** Opening DATA FOR PROCESSING block **

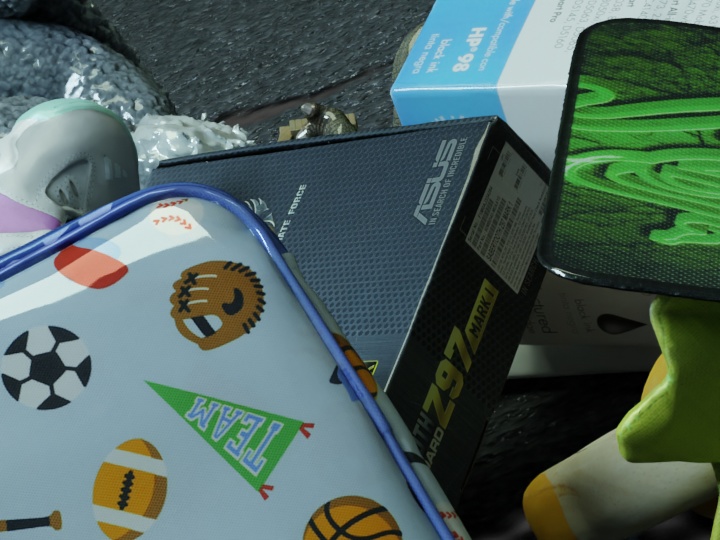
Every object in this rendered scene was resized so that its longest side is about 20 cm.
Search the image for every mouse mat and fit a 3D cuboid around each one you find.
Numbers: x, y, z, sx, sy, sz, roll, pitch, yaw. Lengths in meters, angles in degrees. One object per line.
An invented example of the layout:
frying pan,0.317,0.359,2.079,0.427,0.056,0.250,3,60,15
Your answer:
mouse mat,0.153,-0.026,0.810,0.200,0.008,0.161,6,30,6

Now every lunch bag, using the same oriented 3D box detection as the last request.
lunch bag,-0.056,0.088,0.772,0.160,0.200,0.076,-26,-20,-14

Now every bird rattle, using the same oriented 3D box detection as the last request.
bird rattle,0.130,0.026,0.858,0.163,0.113,0.200,-28,7,45

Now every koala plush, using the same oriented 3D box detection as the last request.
koala plush,-0.119,-0.024,1.145,0.177,0.184,0.200,-47,28,-4

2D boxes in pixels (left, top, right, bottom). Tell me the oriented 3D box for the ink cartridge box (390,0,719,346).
ink cartridge box,0.124,-0.037,0.957,0.200,0.116,0.067,0,41,28

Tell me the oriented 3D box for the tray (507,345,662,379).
tray,0.053,-0.001,1.083,0.200,0.022,0.107,-5,39,34

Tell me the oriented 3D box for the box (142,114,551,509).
box,-0.035,0.049,0.931,0.158,0.051,0.200,-5,51,43

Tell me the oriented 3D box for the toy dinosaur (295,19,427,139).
toy dinosaur,0.000,0.000,1.053,0.102,0.077,0.200,28,69,33

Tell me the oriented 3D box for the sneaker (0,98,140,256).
sneaker,-0.079,0.040,0.882,0.140,0.078,0.200,1,67,44

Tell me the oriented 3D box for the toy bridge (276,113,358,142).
toy bridge,-0.028,-0.025,1.261,0.067,0.027,0.200,-6,20,-2
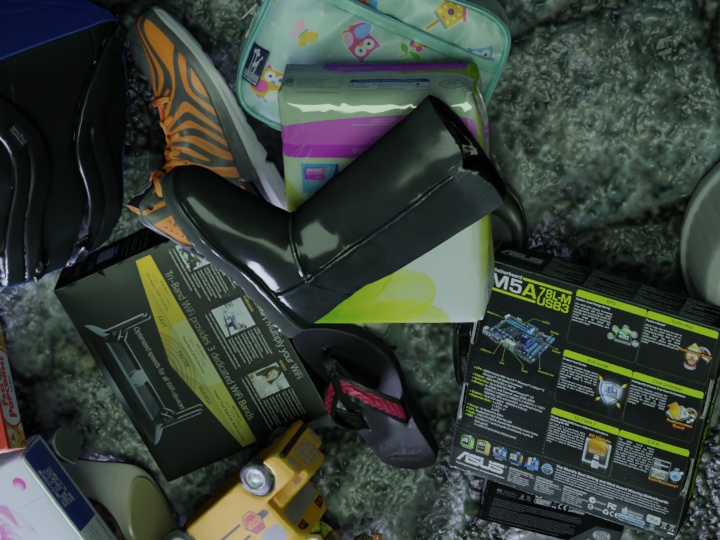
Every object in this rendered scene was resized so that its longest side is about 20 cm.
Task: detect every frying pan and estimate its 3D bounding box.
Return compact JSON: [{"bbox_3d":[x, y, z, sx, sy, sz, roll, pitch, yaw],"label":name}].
[{"bbox_3d":[0.071,0.012,1.671,0.114,0.031,0.191,8,115,-25],"label":"frying pan"}]

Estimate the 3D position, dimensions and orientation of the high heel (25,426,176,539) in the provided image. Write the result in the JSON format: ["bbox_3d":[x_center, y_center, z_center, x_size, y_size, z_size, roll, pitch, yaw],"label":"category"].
[{"bbox_3d":[-0.250,0.207,1.799,0.142,0.072,0.200,-15,131,36],"label":"high heel"}]

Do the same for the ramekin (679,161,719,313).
[{"bbox_3d":[0.353,-0.002,1.628,0.200,0.094,0.204,1,116,2],"label":"ramekin"}]

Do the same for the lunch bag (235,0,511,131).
[{"bbox_3d":[0.007,-0.169,1.576,0.199,0.077,0.161,21,116,-8],"label":"lunch bag"}]

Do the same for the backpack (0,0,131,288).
[{"bbox_3d":[-0.264,-0.104,1.575,0.162,0.167,0.201,-23,127,-32],"label":"backpack"}]

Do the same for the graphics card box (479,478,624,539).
[{"bbox_3d":[0.181,0.129,1.726,0.124,0.051,0.201,12,115,-2],"label":"graphics card box"}]

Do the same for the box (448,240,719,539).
[{"bbox_3d":[0.180,0.095,1.642,0.199,0.048,0.195,17,114,17],"label":"box"}]

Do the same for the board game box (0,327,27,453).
[{"bbox_3d":[-0.365,0.064,1.680,0.150,0.046,0.202,-15,84,10],"label":"board game box"}]

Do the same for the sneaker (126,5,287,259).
[{"bbox_3d":[-0.141,-0.096,1.590,0.112,0.078,0.201,-31,94,-6],"label":"sneaker"}]

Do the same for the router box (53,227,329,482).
[{"bbox_3d":[-0.135,0.057,1.708,0.156,0.052,0.201,-22,112,13],"label":"router box"}]

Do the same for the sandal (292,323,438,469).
[{"bbox_3d":[0.007,0.111,1.695,0.075,0.045,0.200,-6,136,30],"label":"sandal"}]

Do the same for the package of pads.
[{"bbox_3d":[0.023,-0.056,1.553,0.153,0.068,0.201,0,120,6],"label":"package of pads"}]

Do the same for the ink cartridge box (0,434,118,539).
[{"bbox_3d":[-0.286,0.257,1.755,0.199,0.043,0.197,-28,104,33],"label":"ink cartridge box"}]

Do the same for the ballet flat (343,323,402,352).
[{"bbox_3d":[0.000,0.000,1.663,0.068,0.071,0.202,3,116,3],"label":"ballet flat"}]

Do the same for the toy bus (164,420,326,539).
[{"bbox_3d":[-0.097,0.211,1.718,0.078,0.065,0.200,46,122,-3],"label":"toy bus"}]

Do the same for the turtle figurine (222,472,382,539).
[{"bbox_3d":[-0.038,0.232,1.780,0.199,0.064,0.162,-24,103,31],"label":"turtle figurine"}]

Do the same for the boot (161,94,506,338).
[{"bbox_3d":[-0.018,-0.059,1.477,0.199,0.066,0.165,-32,120,25],"label":"boot"}]
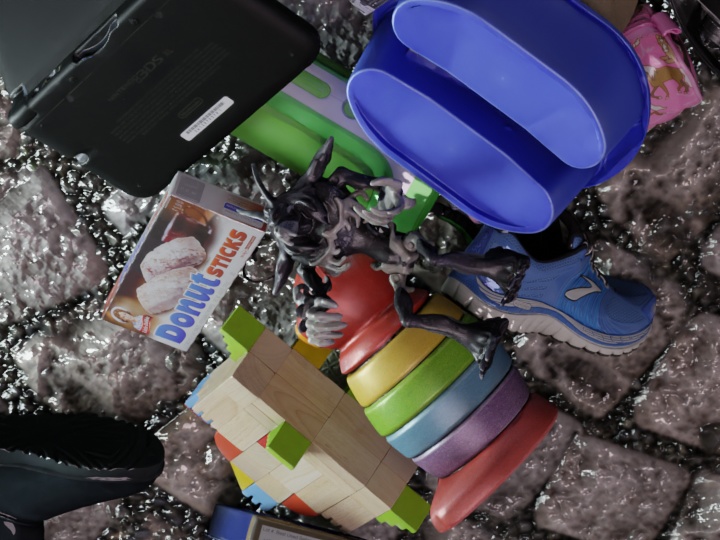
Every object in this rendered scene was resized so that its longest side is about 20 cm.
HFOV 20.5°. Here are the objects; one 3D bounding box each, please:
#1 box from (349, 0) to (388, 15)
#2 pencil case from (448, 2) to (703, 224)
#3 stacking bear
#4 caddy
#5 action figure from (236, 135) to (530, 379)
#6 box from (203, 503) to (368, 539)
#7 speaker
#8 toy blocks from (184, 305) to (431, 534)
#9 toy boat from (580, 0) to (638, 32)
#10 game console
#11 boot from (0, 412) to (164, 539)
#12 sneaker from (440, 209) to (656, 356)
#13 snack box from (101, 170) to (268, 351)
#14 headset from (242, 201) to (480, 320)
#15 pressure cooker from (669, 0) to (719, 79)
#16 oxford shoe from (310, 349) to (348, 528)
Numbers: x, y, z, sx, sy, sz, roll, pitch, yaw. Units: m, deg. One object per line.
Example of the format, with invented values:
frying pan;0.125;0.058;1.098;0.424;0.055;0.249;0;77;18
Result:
box;0.024;-0.282;1.242;0.157;0.201;0.050;-31;151;14
pencil case;0.145;-0.111;1.416;0.199;0.087;0.083;-28;88;12
stacking bear;0.032;0.063;1.390;0.114;0.121;0.200;-43;93;12
caddy;0.090;-0.122;1.283;0.200;0.105;0.142;36;130;-1
action figure;0.006;-0.011;1.294;0.199;0.102;0.119;22;104;7
box;-0.048;0.212;1.552;0.121;0.200;0.033;16;82;-13
speaker;-0.031;-0.106;1.371;0.199;0.088;0.089;31;116;4
toy blocks;-0.053;0.129;1.480;0.200;0.100;0.137;40;146;-7
toy boat;0.108;-0.235;1.333;0.130;0.131;0.201;-4;126;34
game console;-0.147;-0.173;1.325;0.176;0.117;0.200;32;131;-28
boot;-0.252;0.200;1.570;0.199;0.077;0.169;3;117;2
sneaker;0.154;0.005;1.462;0.199;0.078;0.089;12;108;-43
snack box;-0.128;-0.003;1.434;0.072;0.024;0.200;21;148;-11
headset;0.000;0.000;1.476;0.199;0.094;0.124;10;97;-18
pressure cooker;0.299;-0.206;1.315;0.178;0.176;0.200;32;110;-16
oxford shoe;0.000;0.103;1.548;0.075;0.058;0.201;19;106;17
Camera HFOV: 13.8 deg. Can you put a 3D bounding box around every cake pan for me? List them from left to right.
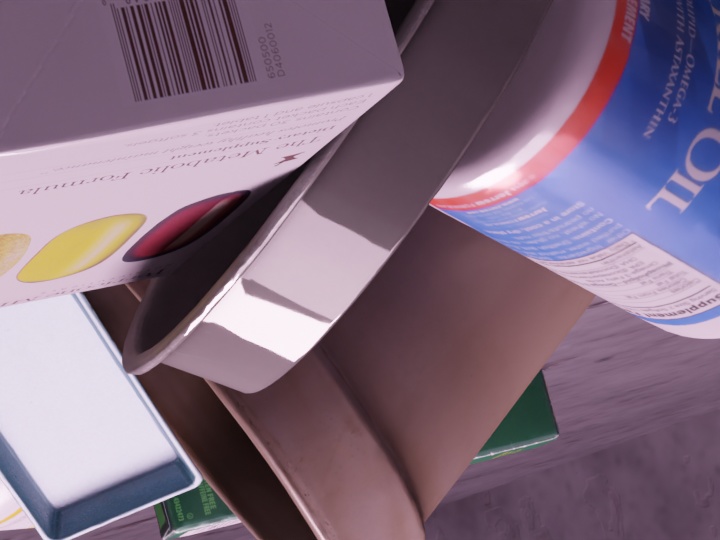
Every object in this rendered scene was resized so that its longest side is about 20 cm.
[{"bbox_3d":[-0.001,-0.044,0.882,0.200,0.037,0.200,-53,-171,13],"label":"cake pan"}]

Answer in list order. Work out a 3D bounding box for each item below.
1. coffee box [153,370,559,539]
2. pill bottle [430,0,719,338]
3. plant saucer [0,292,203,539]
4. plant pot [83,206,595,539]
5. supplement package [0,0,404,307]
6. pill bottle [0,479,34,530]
[{"bbox_3d":[-0.014,0.050,1.439,0.200,0.123,0.044,-15,170,-13],"label":"coffee box"},{"bbox_3d":[0.103,-0.043,1.019,0.112,0.112,0.200,-23,144,39],"label":"pill bottle"},{"bbox_3d":[-0.131,0.025,1.122,0.070,0.019,0.200,-23,128,8],"label":"plant saucer"},{"bbox_3d":[0.000,0.000,1.115,0.173,0.200,0.200,-37,175,-12],"label":"plant pot"},{"bbox_3d":[-0.085,-0.063,0.793,0.114,0.110,0.200,-12,170,-22],"label":"supplement package"},{"bbox_3d":[-0.156,0.053,1.247,0.112,0.112,0.200,-19,170,19],"label":"pill bottle"}]
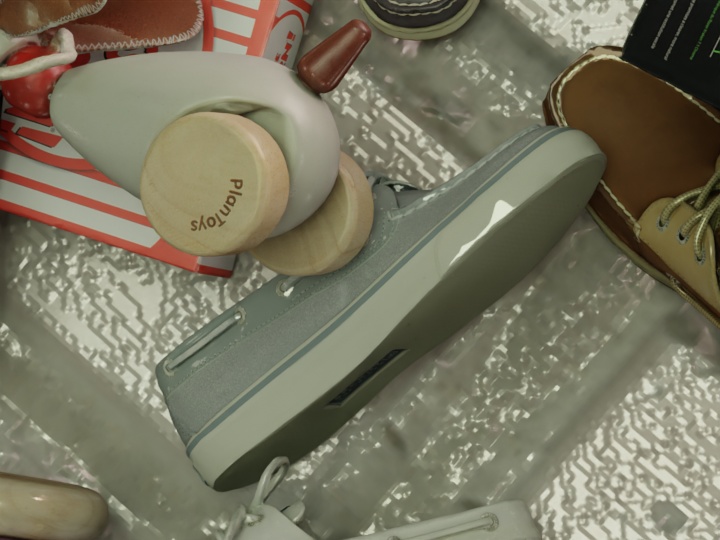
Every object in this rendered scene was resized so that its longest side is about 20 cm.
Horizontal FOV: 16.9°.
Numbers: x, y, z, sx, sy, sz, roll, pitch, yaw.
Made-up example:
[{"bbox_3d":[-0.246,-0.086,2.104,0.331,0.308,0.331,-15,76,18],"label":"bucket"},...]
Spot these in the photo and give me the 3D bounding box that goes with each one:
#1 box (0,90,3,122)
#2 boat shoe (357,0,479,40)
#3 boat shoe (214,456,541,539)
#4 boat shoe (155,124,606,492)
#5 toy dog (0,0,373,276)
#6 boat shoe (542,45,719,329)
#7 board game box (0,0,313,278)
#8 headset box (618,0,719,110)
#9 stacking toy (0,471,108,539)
[{"bbox_3d":[-0.249,-0.029,0.949,0.200,0.079,0.141,15,117,15],"label":"box"},{"bbox_3d":[0.020,-0.193,0.961,0.072,0.065,0.200,2,81,11],"label":"boat shoe"},{"bbox_3d":[-0.029,0.114,0.903,0.202,0.075,0.086,-9,70,-3],"label":"boat shoe"},{"bbox_3d":[0.000,0.000,0.917,0.201,0.070,0.072,-40,71,16],"label":"boat shoe"},{"bbox_3d":[-0.074,-0.078,0.864,0.200,0.132,0.096,31,98,-1],"label":"toy dog"},{"bbox_3d":[0.148,-0.011,0.897,0.076,0.074,0.200,-45,75,0],"label":"boat shoe"},{"bbox_3d":[-0.126,-0.098,0.975,0.200,0.046,0.152,17,91,14],"label":"board game box"},{"bbox_3d":[0.215,-0.072,0.837,0.200,0.174,0.093,29,106,14],"label":"headset box"},{"bbox_3d":[-0.153,0.177,0.924,0.085,0.085,0.200,8,85,13],"label":"stacking toy"}]
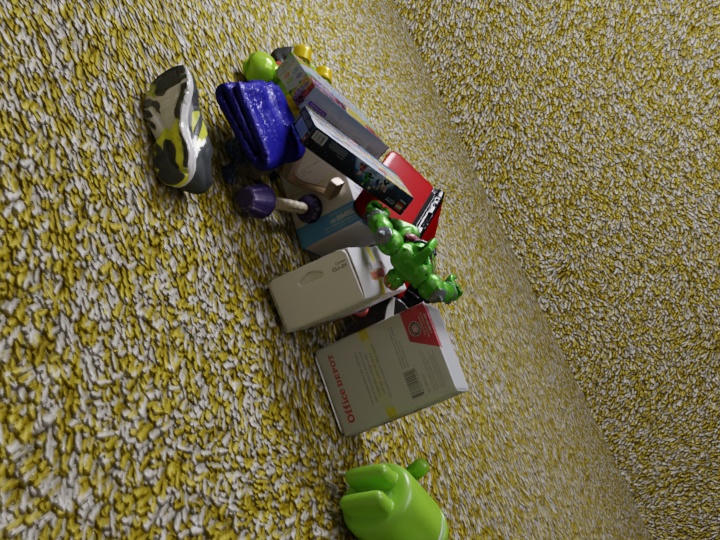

** Closing DATA FOR PROCESSING block **

- WHAT TO WORK ON -
In the entries above, the lines from the one bearing "#12 sneaker from (440, 209) to (656, 356)" up to and including the one bearing "#16 oxford shoe from (310, 349) to (348, 528)" should be transcribed exactly; no other line is wanted.

- THE COMPLETED TASK -
#12 sneaker from (440, 209) to (656, 356)
#13 snack box from (101, 170) to (268, 351)
#14 headset from (242, 201) to (480, 320)
#15 pressure cooker from (669, 0) to (719, 79)
#16 oxford shoe from (310, 349) to (348, 528)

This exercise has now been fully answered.